JAMA. Author manuscript; available in PMC Mar 16, 2012.
Published in final edited form as:
PMCID: PMC3071496
NIHMSID: NIHMS281396
Geographic Variation in Diagnosis Frequency and Risk of Death Among Medicare Beneficiaries
H. Gilbert Welch, MD, MPH, Sandra M. Sharp, SM, Dan J. Gottlieb, MS, Jonathan S. Skinner, PhD, and John E. Wennberg, MD, MPH
Department of Veterans Affairs Medical Center, White River Junction, Vermont (Dr Welch); Department of Economics, Dartmouth College, Hanover, New Hampshire (Dr Skinner); and Dartmouth Institute for Health Policy and Clinical Practice, Dartmouth Medical School, Lebanon, New Hampshire (Drs Welch, Skinner, and Wennberg and Ms Sharp and Mr Gottlieb)
Corresponding Author: H. Gilbert Welch, MD, MPH, Dartmouth Institute for Health Policy and Clinical Practice, Dartmouth Medical School, 35 Centerra Pkwy, Ste 202, Lebanon, New Hampshire 03766, h.gilbert.welch/at/dartmouth.edu
Context
Because diagnosis is typically thought of as purely a patient attribute, it is considered a critical factor in risk-adjustment policies designed to reward efficient and high-quality care.
Objective
To determine the association between frequency of diagnoses for chronic conditions in geographic areas and case-fatality rate among Medicare beneficiaries.
Design, Setting, and Participants
Cross-sectional analysis of the mean number of 9 serious chronic conditions (cancer, chronic obstructive pulmonary disease, coronary artery disease, congestive heart failure, peripheral artery disease, severe liver disease, diabetes with end-organ disease, chronic renal failure, and dementia) diagnosed in 306 hospital referral regions (HRRs) in the United States; HRRs were divided into quintiles of diagnosis frequency. Participants were 5 153 877 fee-for-service Medicare beneficiaries in 2007.
Main Outcome Measures
Age/sex/race–adjusted case-fatality rates.
Results
Diagnosis frequency ranged across HRRs from 0.58 chronic conditions in Grand Junction, Colorado, to 1.23 in Miami, Florida (mean, 0.90 [95% confidence interval {CI}, 0.89–0.91]; median, 0.87 [interquartile range, 0.80–0.96]). The number of conditions diagnosed was related to risk of death: among patients diagnosed with 0, 1, 2, and 3 conditions the case-fatality rate was 16, 45, 93, and 154 per 1000, respectively. As regional diagnosis frequency increased, however, the case fatality associated with a chronic condition became progressively less. Among patients diagnosed with 1 condition, the case-fatality rate decreased in a stepwise fashion across quintiles of diagnosis frequency, from 51 per 1000 in the lowest quintile to 38 per 1000 in the highest quintile (relative rate, 0.74 [95% CI, 0.72–0.76]). For patients diagnosed with 3 conditions, the corresponding case-fatality rates were 168 and 137 per 1000 (relative rate, 0.81 [95% CI, 0.79–0.84]).
Conclusion
Among fee-for-service Medicare beneficiaries, there is an inverse relationship between the regional frequency of diagnoses and the case-fatality rate for chronic conditions.

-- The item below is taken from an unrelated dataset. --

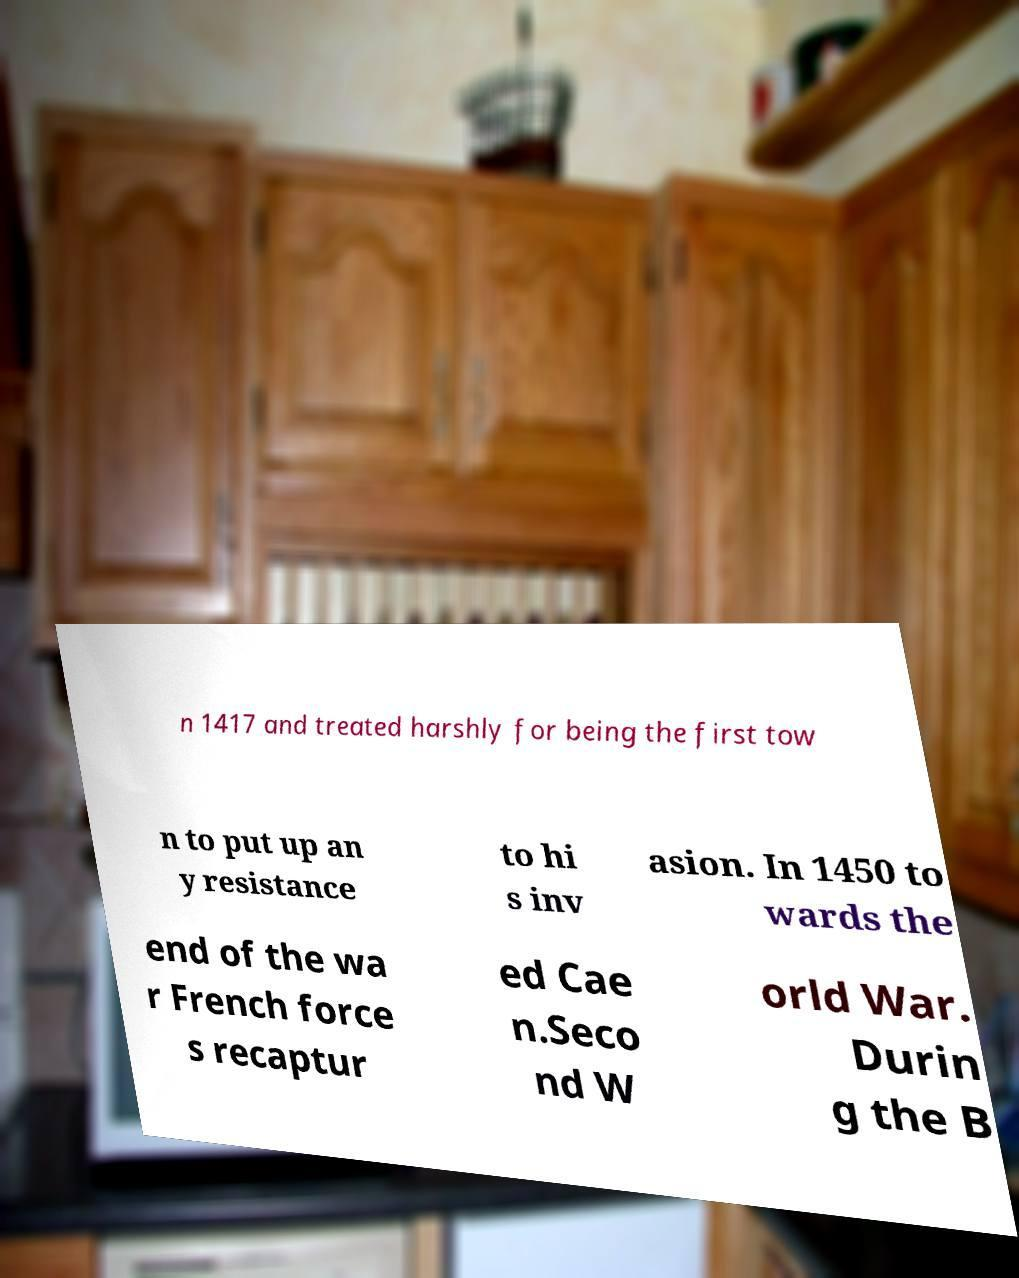Can you accurately transcribe the text from the provided image for me? n 1417 and treated harshly for being the first tow n to put up an y resistance to hi s inv asion. In 1450 to wards the end of the wa r French force s recaptur ed Cae n.Seco nd W orld War. Durin g the B

Disease diagnoses are Considered a fundamental input for adjusting health outcomes as well as expenditures to credit systems that care for patients who are sicker than average. Ideally, a diagnosis would be solely an attribute of the patient, unaffected by the process of observation.
A recent investigation demonstrated an association between regional diagnostic practice and the number of diagnoses made in the small proportion of Medicare beneficiaries who changed residence during a 3-year period (approximately 5%).1 Although patients who moved had a similar number of diagnoses prior to moving, those who moved from low– to high–practice intensity regions accumulated more than twice as many diagnoses than those moving in the opposite direction.

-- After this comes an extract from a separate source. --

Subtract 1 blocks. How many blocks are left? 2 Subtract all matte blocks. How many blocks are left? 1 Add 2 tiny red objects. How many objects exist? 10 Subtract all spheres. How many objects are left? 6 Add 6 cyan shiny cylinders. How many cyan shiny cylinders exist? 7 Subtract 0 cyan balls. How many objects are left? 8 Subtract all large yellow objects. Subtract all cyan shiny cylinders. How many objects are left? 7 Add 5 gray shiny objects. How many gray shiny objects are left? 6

The evidence that diagnoses can be associated with system factors led us to explore how frequency of diagnosis might relate to outcomes in the fee-for-service Medicare population as a whole. Specifically, we hypothesized that patients diagnosed with chronic conditions in regions with high diagnosis frequency would have lower all-cause case-fatality rates than those diagnosed in regions with low diagnosis frequency.
Overview
To investigate the geographic variation in diagnosis frequency, we measured the frequency with which 9 serious chronic conditions were diagnosed among the fee-for-service Medicare population in each of 306 hospital referral regions (HRRs) in the United States. We categorized the HRRs into quintiles of diagnosis frequency and measured physician encounters and diagnostic testing. We examined death rates across the quintiles, first for the population as a whole and then within strata of a specified number of chronic conditions (ie, 0, 1, 2, 3).
Data
We analyzed a 20% sample of Medicare beneficiaries in 2007. We restricted the analysis to those beneficiaries who were fully enrolled in Part A and Part B throughout 2007 and who were 65 through 99 years old on December 31, 2007, or who were fully enrolled beginning January 1, 2007, until their death that year and who were 65 through 99 years old at their time of death. Because their claims data are incomplete, beneficiaries enrolled in risk-contract health maintenance organizations were excluded. The final sample totaled 5 153 877 beneficiaries.
Diagnosis Frequency
We counted the number of chronic conditions documented in the claims for each beneficiary during 2007. We used the 9 major chronic conditions based on the work of Iezzoni et al,2 as adapted for the 2008 Dartmouth Atlas of Health Care. The conditions were cancer with poor prognosis, chronic obstructive pulmonary disease, coronary artery disease, congestive heart failure, peripheral artery disease, severe liver disease, diabetes with end-organ disease, chronic renal failure, and dementia.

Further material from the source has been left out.